Blagojevich's Poetry Obsession Explained

A football game in 1980 first turned the embattled governor on to Kipling.

Jan. 26, 2009 — -- It wasn't in the library but rather while watching football as a teenager that embattled Illinois Gov. Rod Blagojevich first heard the Rudyard Kipling poem he has publicly quoted ever since he was arrested last month and accused of attempting to sell the Senate seat vacated by President Obama.

Blagojevich concluded his first press conference Dec. 19, 10 days after he was indicted, by reciting the first verse of Kipling's "If," which is about perseverance in the face of opposition, to emphasize his point that he is being unfairly prosecuted.

In several interviews and press conferences since then, he has regularly repeated lines from the 1910 poem, as well as the final verse of "Ulysses" by Alfred Lord Tennyson.

The frequent poetry references stand in stark contrast to the profane language federal investigators recorded him using on the wiretap that led to his arrest, and has left observers to wonder why he frequently quotes the poem in the media.

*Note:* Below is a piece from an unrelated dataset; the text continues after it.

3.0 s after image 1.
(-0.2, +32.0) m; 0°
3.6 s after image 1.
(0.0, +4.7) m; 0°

"That poem to me really exemplifies the ups and downs and struggles of life, and the need to have perseverance and stick to things and come back, that really make you a person of character," Blagojevich told

"You guys can mock the poetry, but they're words I've known for a long time and believe in," he said.

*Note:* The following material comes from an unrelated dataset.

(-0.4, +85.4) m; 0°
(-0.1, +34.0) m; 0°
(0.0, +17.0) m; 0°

The governor said he first heard the poem recited during a football game sometime around 1980.

"I've known that poem since I was 15 years old," Blagojevich said. "I learned that -- I wish I could tell you I was in a library reading it, but I was watching the NFL in probably 1980, roughly," he said.

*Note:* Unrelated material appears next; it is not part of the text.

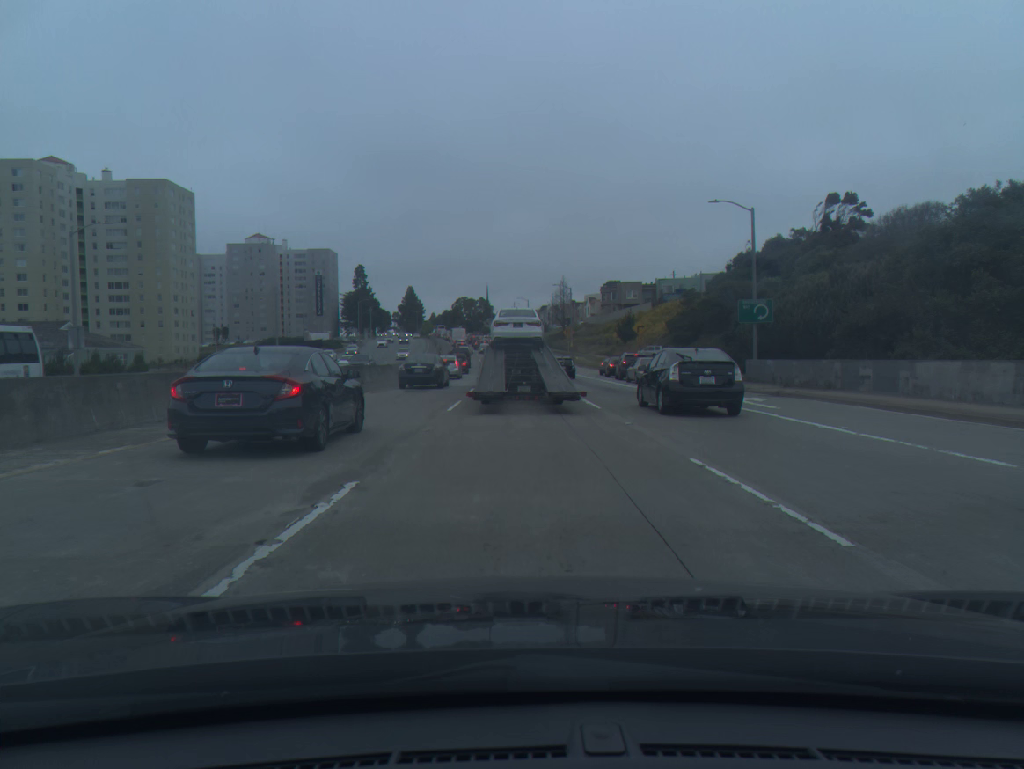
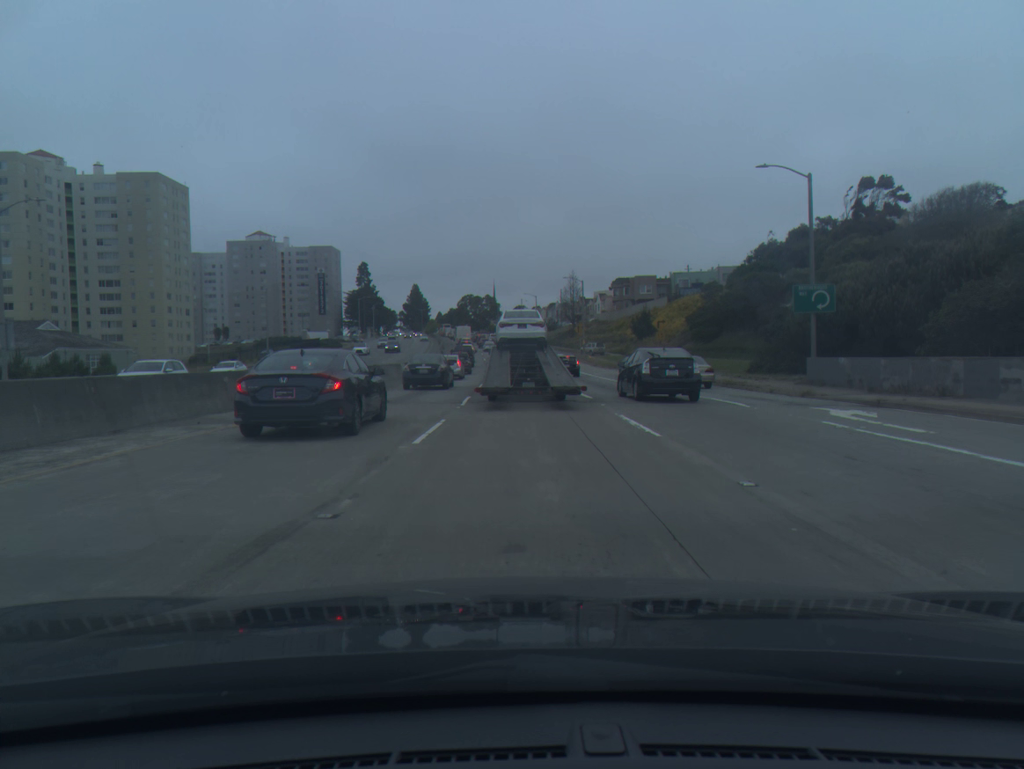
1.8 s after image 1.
(0.0, +7.2) m; 0°
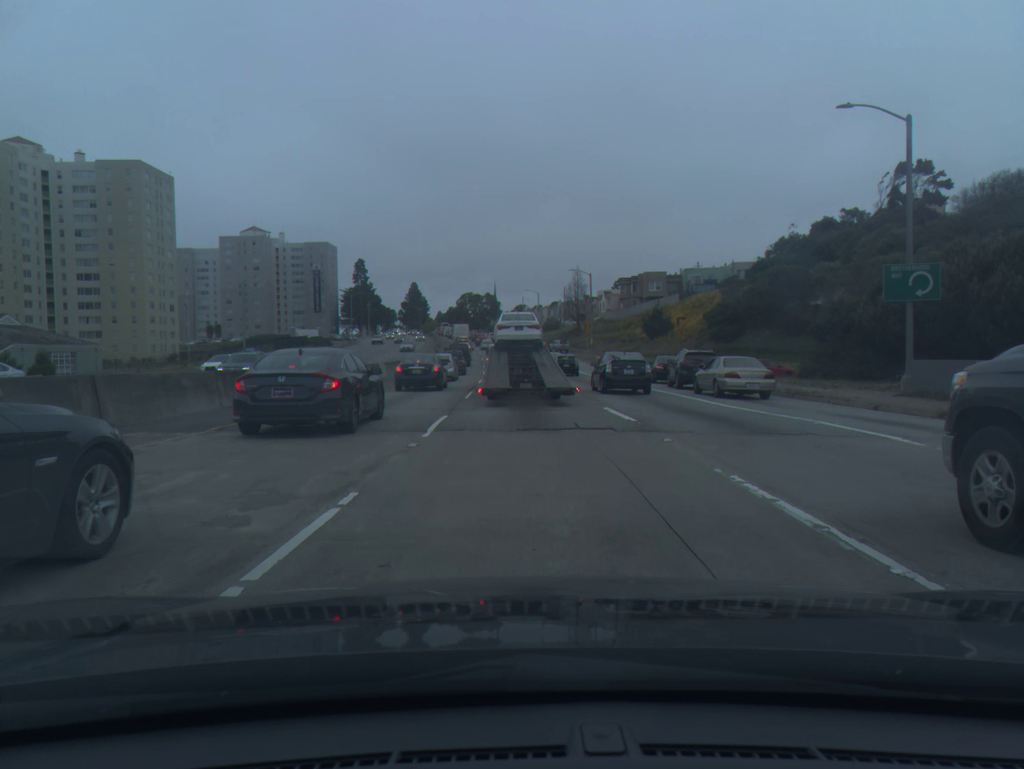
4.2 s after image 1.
(0.0, +8.5) m; 0°

An announcer "who had this great voice" recited the poem over film of running backs during a halftime feature, and a young Blagojevich heard "this voice reciting this motivating, inspiring poem, and I said I want to get that poem. So the next day I went to school and got a copy of it and memorized it."

Blagojevich Recites Kipling Repeatedly

In December, Blagojevich recited the poem's first verse at a press conference:

If you can keep your head when all about you

Are losing theirs and blaming it on you,

If you can trust yourself when all men doubt you,

But make allowance for their doubting too;

If you can wait and not be tired by waiting,

Or being lied about, don't deal in lies,

Or being hated, don't give way to hating,

And yet don't look too good, nor talk too wise

The governor again recited a line from "If" on "Good Morning America" this morning.

At a Jan. 9 press conference, Blagojevich opted instead to quote the last lines of Tennyson's "Ulysses," which reads:

We are not now that strength which in old days

Moved earth and heaven, that which we are, we are,

One equal temper of heroic hearts,

Made weak by time and fate, but strong in will

To strive, to seek, to find, and not to yield.

That Blagojevich learned the poem from watching football on television jibes with much of what is known about the governor, who was an athlete when he was younger. A high school basketball player and Elvis Presley fan, Blagojevich trained to become a Golden Gloves boxer for a time as a teenager.

Blagojevich's impeachment trial began today, but the governor was not present. He refused to participate because he said the rules are unfair.